Data for this exercise |
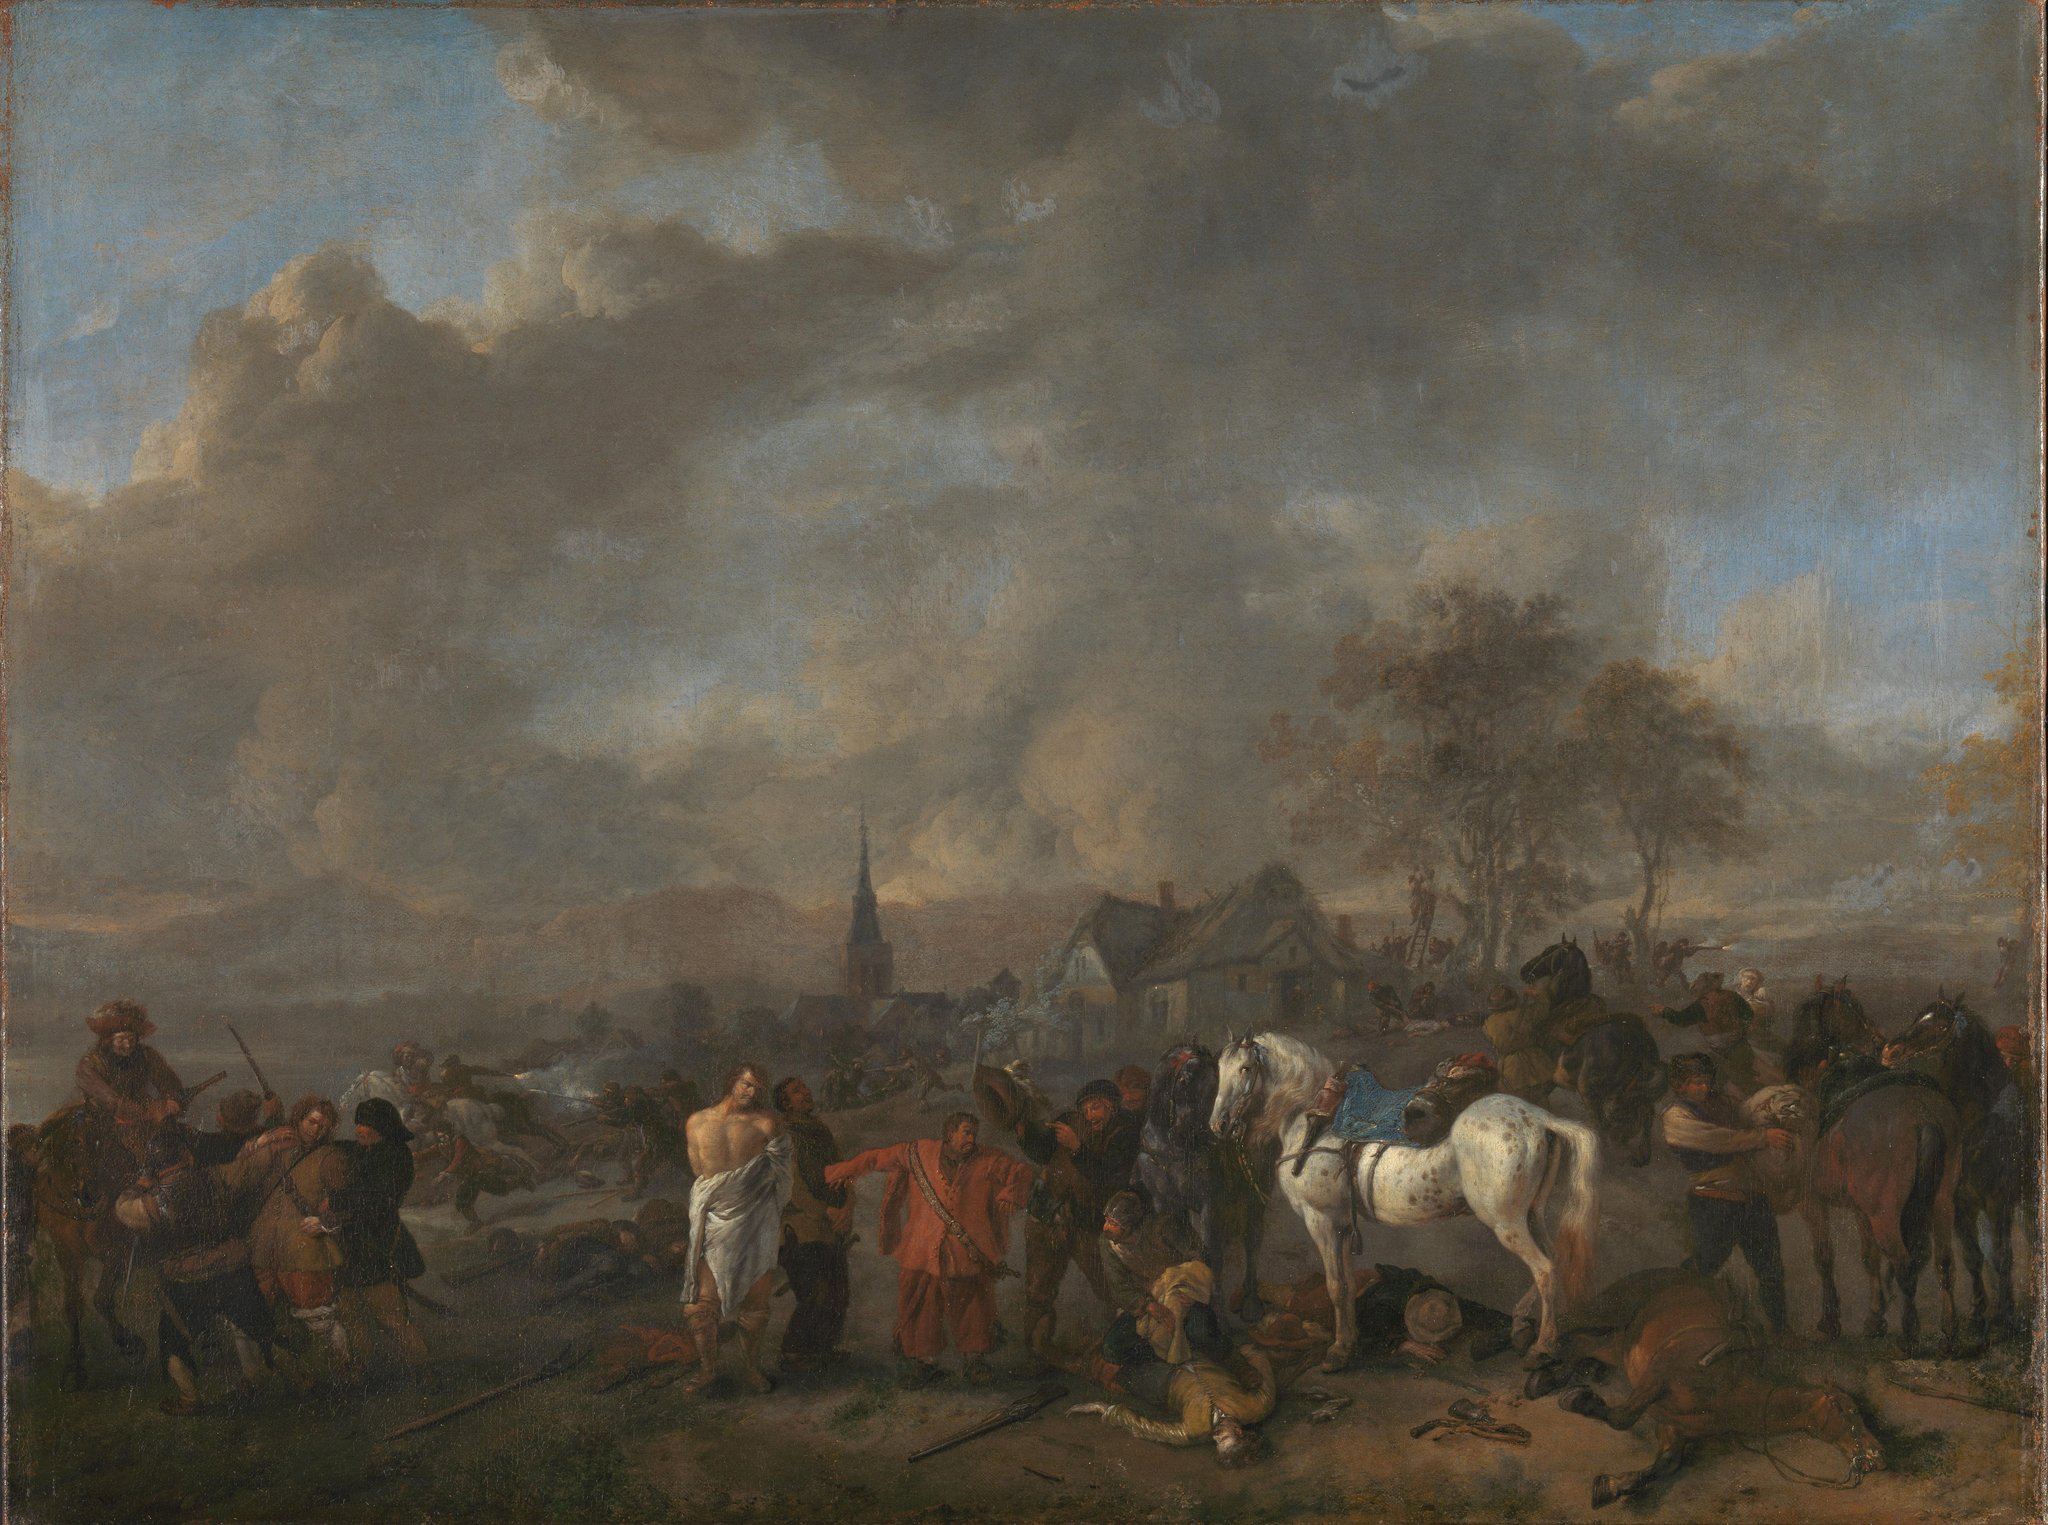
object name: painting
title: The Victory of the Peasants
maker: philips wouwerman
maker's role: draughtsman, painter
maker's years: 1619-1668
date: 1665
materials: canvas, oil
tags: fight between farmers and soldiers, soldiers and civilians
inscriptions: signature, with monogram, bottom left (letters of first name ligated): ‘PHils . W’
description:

Task | The response should contain every record above exactly as written, and none of the pictures.

Reply to the task |
object name: painting
title: The Victory of the Peasants
maker: philips wouwerman
maker's role: draughtsman, painter
maker's years: 1619-1668
date: 1665
materials: canvas, oil
tags: fight between farmers and soldiers, soldiers and civilians
inscriptions: signature, with monogram, bottom left (letters of first name ligated): ‘PHils . W’
description:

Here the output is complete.